これを聞いていた者たちが起立し敬礼で同意を表した。

「私の功績では有りません、皆の献身と努力の賜物です、ありがとう」

「・・・」

「・・・」

皆は暫く敬礼を続けた。

「直れ~、では、班長会議を始めます、集合」


居室の中には彼女一人が残っていた。

今では手取り、つまり給与の多い者程帰宅が遅い事が暗黙の規則の様になり、彼女が登庁初日に決めたこの決まりが庁内の全てで行われる様になっていた。

彼女は今日を振り返り昇進を密かに喜び、会議の内容を思い返していた。

彼女の組織への依頼件数が減っては居た。

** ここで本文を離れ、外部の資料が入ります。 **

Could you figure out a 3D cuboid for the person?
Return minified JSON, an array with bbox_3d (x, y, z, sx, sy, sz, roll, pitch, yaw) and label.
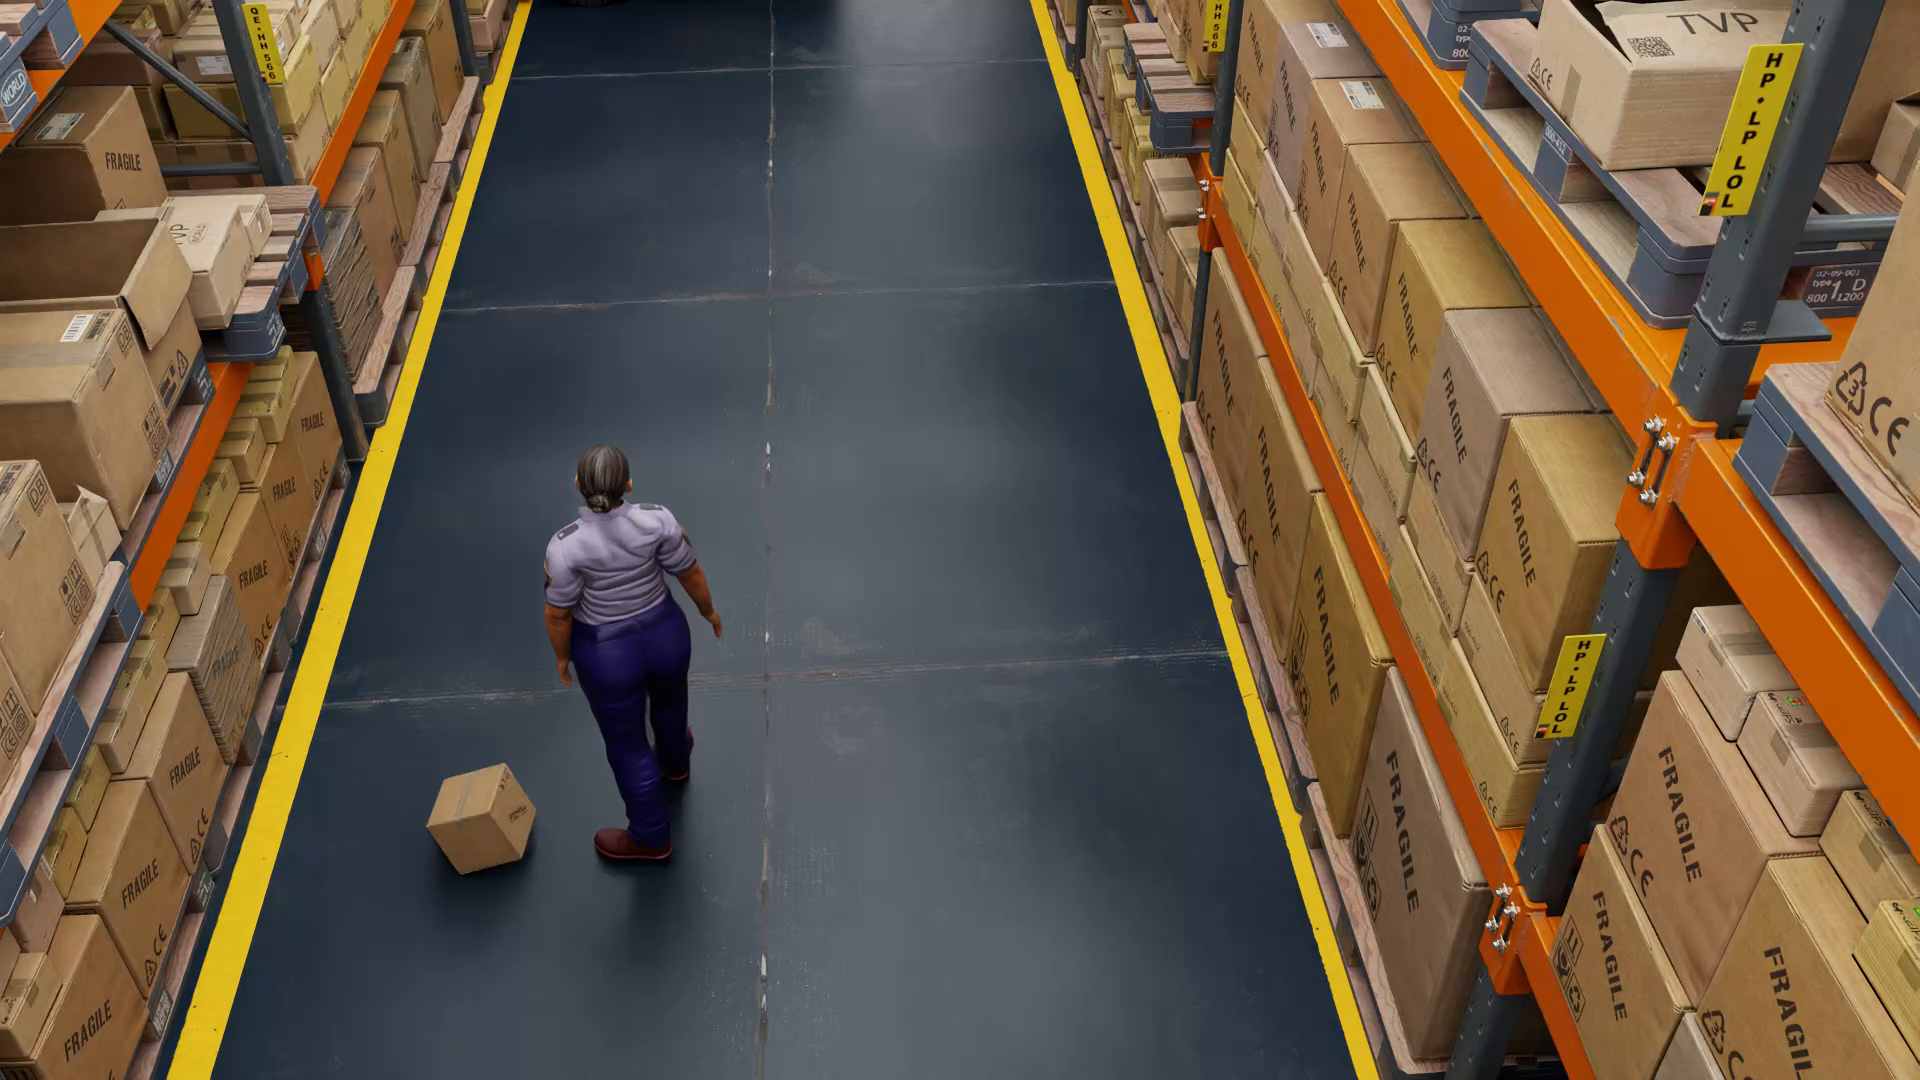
[{"bbox_3d":[-1.125,0.333,5.744,0.625,1.633,0.617,-22,44,-25],"label":"person"}]

依頼はされないが彼女は気になる事が幾つか会った。

外国人による犯罪の増加、取り調べで日本名を名乗るが調べると生まれは日本だが本名が日本名では無い二世、三世による犯罪の増加、恨み、金銭、などの動機が無いの増加が気に掛かっていた。

又、彼女の組織が長年追っている数年前に起きた銀座での銃撃戦と新宿での組織構成員殺害事件の進展が見られない事も気になっていた。

彼女は新宿の事件の犯人は当初、滝と考えていたが現在は別人と断定していた。

但し、銀座の銃撃戦には滝が関係していたとの確信があった。

そして、彼女の感は銀座の銃撃戦で亡くなった女性と子供も夫であり父である男のが新宿の事件の犯人であると告げていた。

だが、何も物証も無く、証言も無く、只々彼女が本人に会った瞬間の感だけの事であった。

そんな事を考えながら部屋を見渡し扉を閉めて施錠し廊下を歩き時々会う庁員に挨拶の会釈を返し退庁した、暫く歩いて振り返り庁舎を振り返ると夜勤以外の組織は暗かった。

彼女はふっと思い自宅への帰りを止めて地下鉄への階段を通り過ぎ銀座方面へ歩きだした。

ゆっくりと歩きながらあちらこちらの酔っ払いたちを見詰め、アベックを見詰めながら歩いた。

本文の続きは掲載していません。